Si passa in biblioteca. Il Monsignore è segretario della commissione "Famiglia e Vita" della Conferenza episcopale, il ministro del ramo: Zapatero il suo nemico. Sorride, quando dice «Zapatero»: in castigliano vuol dire ciabattino. Eppure i genitori del vescovo lavoravano in una fabbrica di scarpe. «Mia madre mi portava al lavoro ad allattarmi», si intenerisce. Il nonno del primo ministro fu fucilato da Franco, il padre del vescovo ferito in battaglia: era nel fronte repubblicano di Alicante ma «contro la sua volontà. Fu costretto a combattere, coscritto. Era un cattolico fervente, subì la tragedia». Costretto, subì. Nella biblioteca del figlio ci sono perciò solo testi che raccontano di costrizioni e menzogne.

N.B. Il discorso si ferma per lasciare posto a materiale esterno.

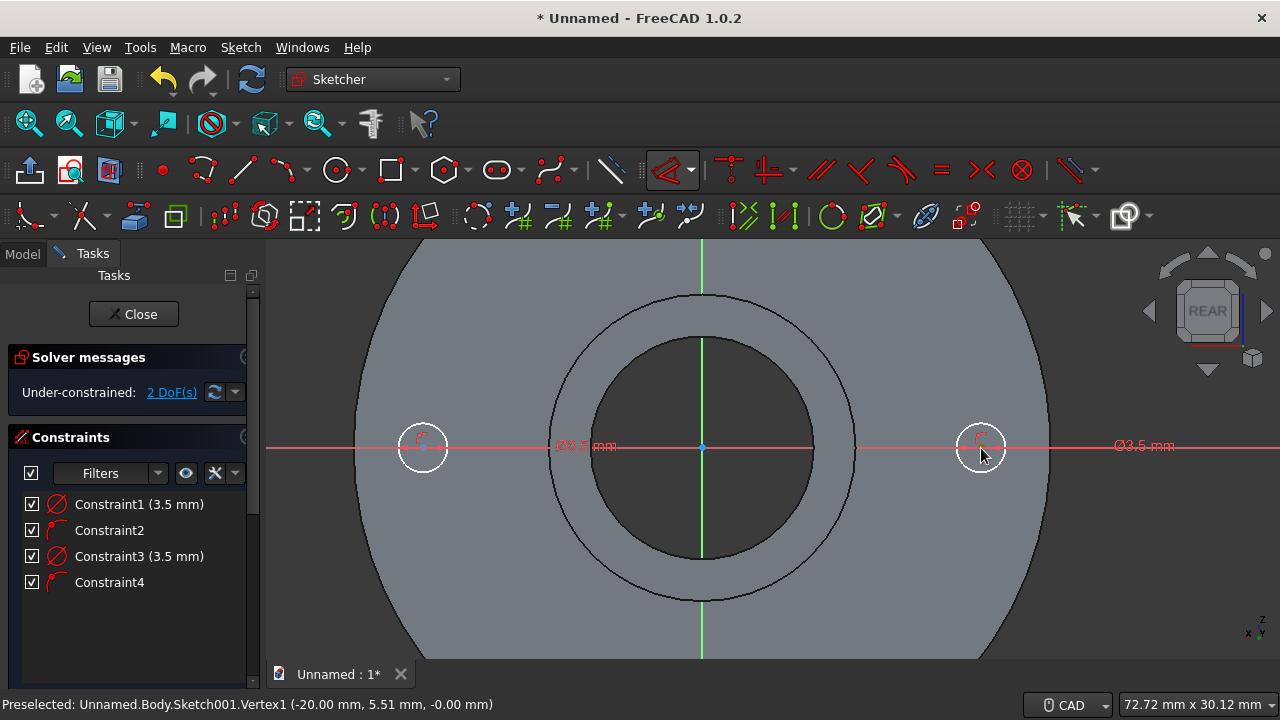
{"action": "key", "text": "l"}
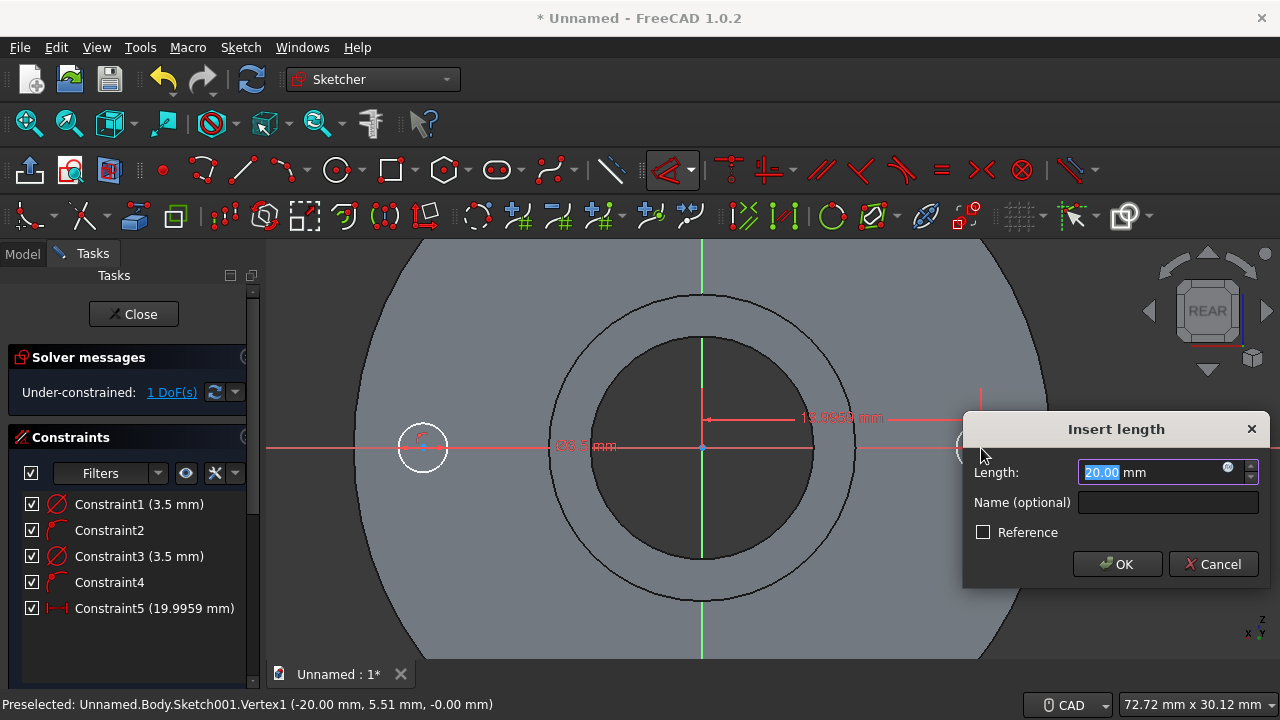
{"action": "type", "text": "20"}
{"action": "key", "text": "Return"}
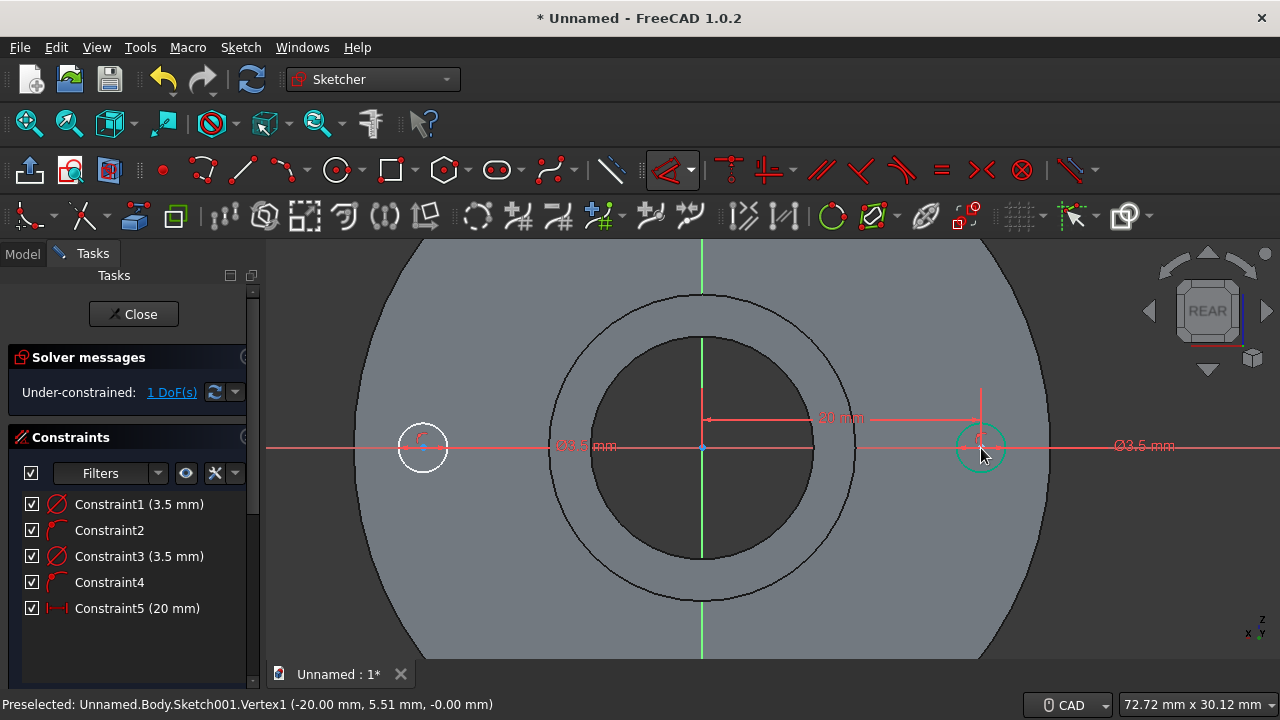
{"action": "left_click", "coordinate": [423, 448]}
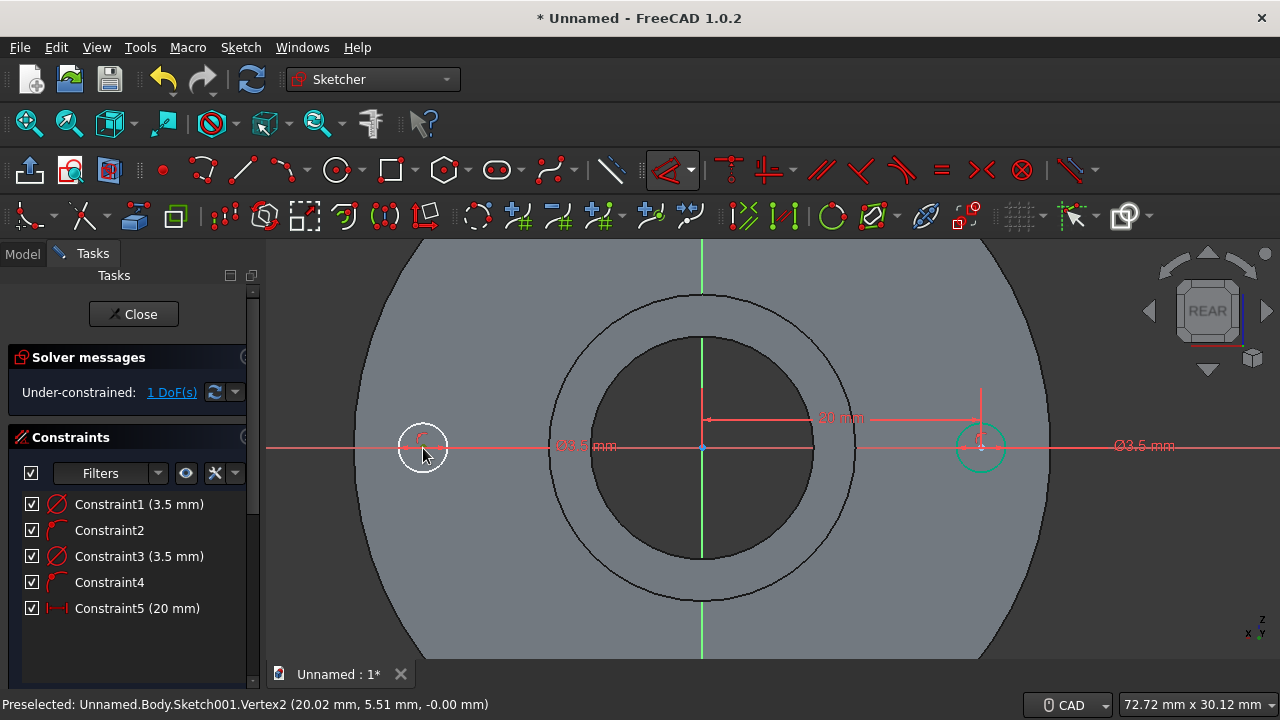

Kingsey, crimini e conseguenze, la menzogna del rapporto Kingsey sulle libertà e le inclinazioni sessuali. Le leggende nere della Chiesa di Vittorio Messori, prefazione di Biffi. Sartre, Bariona. «Un testo teatrale dell'ateo Sartre sulla meraviglia del Natale». Famiglia e autostima dello psichiatra cattolico Aquilino Polaino. «Un luminare». Polaino, docente di psicopatologia alla università cattolica di Madrid, sostiene che «i figli di coppie omosessuali hanno la tendenza a diventare omosessuali: un giorno i giovani cresciuti da coppie gay potranno denunciare lo Stato per aver compromesso gravemente la loro identità personale». Il Monsignore annuisce e sorride. Una ragazza slava («l'abbiamo sottratta alla tratta delle bianche») gli porta un bicchiere di vino dolce, fine del pasto.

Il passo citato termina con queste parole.